French actress (1952–2011)

Maria-Hélène Schneider (27 March 1952 – 3 February 2011), known professionally as Maria Schneider, was a French actress.

She first appeared on stage in Paris at the age of 15 and then moved on to work in films, initially as an extra, but had already advanced to more substantial roles by the age of 20.

Schneider achieved international recognition at the age of 19 for her performance opposite Marlon Brando in Bernardo Bertolucci's controversial Last Tango in Paris (1972).
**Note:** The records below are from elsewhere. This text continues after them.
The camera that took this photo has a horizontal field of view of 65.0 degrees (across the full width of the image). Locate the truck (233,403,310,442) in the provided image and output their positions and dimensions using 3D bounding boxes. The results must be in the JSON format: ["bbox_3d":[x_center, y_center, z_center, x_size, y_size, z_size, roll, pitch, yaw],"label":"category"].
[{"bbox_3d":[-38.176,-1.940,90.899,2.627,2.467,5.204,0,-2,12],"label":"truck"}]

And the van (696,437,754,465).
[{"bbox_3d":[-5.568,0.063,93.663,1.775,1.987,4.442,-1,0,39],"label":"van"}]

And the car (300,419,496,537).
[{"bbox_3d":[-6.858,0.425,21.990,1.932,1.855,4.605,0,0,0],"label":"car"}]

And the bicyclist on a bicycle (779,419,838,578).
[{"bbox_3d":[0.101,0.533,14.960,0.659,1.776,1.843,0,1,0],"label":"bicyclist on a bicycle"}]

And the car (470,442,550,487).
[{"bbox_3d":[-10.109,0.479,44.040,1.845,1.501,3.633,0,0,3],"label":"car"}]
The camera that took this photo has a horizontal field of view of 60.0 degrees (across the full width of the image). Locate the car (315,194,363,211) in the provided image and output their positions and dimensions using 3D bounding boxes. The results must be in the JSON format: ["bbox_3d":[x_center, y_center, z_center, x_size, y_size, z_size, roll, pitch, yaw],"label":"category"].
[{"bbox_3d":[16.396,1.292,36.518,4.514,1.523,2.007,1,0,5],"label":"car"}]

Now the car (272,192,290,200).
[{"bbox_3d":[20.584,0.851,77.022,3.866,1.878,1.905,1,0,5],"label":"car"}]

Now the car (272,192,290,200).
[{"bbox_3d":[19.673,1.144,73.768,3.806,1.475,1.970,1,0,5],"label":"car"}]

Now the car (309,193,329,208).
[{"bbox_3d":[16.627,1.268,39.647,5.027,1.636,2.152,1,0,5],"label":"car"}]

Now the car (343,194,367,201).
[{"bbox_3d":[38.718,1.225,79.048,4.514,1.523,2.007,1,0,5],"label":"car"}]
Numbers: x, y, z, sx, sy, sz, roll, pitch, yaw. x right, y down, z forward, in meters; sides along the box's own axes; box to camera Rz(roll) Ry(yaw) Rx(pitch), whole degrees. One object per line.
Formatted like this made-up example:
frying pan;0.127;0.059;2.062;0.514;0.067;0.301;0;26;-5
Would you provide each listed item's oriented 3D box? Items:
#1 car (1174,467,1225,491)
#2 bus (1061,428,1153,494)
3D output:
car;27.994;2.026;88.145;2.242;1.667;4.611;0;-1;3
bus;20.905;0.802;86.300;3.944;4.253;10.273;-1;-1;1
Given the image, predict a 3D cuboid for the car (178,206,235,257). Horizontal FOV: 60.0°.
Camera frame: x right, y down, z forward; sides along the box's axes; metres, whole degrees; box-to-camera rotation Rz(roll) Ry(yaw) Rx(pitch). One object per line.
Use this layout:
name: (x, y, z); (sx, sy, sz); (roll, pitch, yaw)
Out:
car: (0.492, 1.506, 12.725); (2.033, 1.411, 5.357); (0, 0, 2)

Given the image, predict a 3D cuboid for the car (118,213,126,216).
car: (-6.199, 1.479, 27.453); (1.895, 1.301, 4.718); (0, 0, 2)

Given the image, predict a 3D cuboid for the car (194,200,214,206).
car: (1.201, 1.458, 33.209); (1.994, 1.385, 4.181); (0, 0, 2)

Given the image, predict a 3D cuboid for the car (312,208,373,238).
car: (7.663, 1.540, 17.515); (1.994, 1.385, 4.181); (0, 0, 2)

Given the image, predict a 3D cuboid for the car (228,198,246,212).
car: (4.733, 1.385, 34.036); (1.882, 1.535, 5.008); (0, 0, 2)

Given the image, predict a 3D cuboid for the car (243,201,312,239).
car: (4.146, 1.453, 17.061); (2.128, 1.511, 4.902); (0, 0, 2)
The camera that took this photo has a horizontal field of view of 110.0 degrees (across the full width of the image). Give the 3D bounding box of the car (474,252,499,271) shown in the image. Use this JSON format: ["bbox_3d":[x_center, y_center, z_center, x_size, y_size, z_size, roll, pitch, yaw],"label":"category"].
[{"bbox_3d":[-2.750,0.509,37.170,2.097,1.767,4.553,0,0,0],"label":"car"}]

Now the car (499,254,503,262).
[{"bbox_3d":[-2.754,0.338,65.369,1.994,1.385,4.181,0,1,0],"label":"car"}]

The film became controversial for its explicit sexual content and its infamous sexual assault scene.

In 1975 she starred opposite Jack Nicholson in Michelangelo Antonioni's critically acclaimed The Passenger. Although the film showcased her abilities, a reputation for walking out of films during production resulted in her becoming unwelcome in the industry. However, she re-established stability in her personal and professional life in the early 1980s, and became an advocate for equality and improving the working conditions for actresses.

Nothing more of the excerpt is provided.